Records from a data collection

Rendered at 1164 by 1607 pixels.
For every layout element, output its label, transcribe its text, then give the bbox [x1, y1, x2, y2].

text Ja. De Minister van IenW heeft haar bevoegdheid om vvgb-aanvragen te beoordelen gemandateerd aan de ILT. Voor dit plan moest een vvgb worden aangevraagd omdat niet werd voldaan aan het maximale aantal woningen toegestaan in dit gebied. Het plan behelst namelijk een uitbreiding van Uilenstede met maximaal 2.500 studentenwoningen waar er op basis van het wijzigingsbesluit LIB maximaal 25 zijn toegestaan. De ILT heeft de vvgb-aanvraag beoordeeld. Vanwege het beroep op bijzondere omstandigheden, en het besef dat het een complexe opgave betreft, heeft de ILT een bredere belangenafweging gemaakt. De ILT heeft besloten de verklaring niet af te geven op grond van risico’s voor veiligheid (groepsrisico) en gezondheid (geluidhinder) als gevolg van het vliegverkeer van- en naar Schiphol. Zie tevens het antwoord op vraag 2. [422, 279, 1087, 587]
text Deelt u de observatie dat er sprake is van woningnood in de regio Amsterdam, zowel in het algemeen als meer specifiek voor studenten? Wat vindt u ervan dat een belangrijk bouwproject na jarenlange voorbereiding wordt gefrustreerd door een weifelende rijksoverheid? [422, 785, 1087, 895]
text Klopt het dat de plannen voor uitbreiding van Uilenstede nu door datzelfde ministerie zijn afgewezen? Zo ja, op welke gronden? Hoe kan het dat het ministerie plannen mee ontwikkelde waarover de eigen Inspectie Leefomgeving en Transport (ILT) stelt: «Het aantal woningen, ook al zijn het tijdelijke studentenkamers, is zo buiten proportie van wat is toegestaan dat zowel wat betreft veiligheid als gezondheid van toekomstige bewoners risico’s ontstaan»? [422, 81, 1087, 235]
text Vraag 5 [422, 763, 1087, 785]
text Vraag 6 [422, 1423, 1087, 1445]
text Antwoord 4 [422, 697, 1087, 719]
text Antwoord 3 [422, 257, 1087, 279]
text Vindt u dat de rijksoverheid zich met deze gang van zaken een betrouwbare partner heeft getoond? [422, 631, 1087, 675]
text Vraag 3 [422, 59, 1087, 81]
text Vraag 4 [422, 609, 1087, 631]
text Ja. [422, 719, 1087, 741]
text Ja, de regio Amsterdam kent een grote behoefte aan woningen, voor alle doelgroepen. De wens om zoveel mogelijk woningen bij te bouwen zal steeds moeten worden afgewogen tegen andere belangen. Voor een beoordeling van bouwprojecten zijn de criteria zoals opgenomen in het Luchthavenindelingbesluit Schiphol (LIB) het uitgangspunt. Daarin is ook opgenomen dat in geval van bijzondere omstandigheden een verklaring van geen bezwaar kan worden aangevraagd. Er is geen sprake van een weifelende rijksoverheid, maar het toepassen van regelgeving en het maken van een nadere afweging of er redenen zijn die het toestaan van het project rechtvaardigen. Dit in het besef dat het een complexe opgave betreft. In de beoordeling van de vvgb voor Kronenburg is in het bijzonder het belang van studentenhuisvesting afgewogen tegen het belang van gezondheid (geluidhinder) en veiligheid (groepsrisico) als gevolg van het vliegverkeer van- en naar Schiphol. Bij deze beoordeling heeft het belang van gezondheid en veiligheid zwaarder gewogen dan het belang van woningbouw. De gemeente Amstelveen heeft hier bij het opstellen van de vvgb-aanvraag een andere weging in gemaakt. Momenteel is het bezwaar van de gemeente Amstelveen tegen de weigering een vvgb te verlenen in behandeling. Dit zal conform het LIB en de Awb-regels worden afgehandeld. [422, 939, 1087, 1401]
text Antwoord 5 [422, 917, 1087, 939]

* * *

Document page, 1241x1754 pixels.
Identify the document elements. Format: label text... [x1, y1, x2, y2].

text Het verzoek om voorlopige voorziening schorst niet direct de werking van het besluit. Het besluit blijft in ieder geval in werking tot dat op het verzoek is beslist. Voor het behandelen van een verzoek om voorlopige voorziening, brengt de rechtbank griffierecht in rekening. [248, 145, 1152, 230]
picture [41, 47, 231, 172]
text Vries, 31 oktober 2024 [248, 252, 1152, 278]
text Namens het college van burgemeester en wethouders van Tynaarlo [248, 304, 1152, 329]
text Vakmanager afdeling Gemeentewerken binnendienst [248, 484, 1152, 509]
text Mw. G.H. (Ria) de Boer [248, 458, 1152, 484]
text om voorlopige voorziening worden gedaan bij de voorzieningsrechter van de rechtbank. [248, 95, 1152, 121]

→ What you have to do: Search each line of the data above for "pixels", and copy the lines where it occurs.

→ Reply to the exercise:
Rendered at 1164 by 1607 pixels.
Document page, 1241x1754 pixels.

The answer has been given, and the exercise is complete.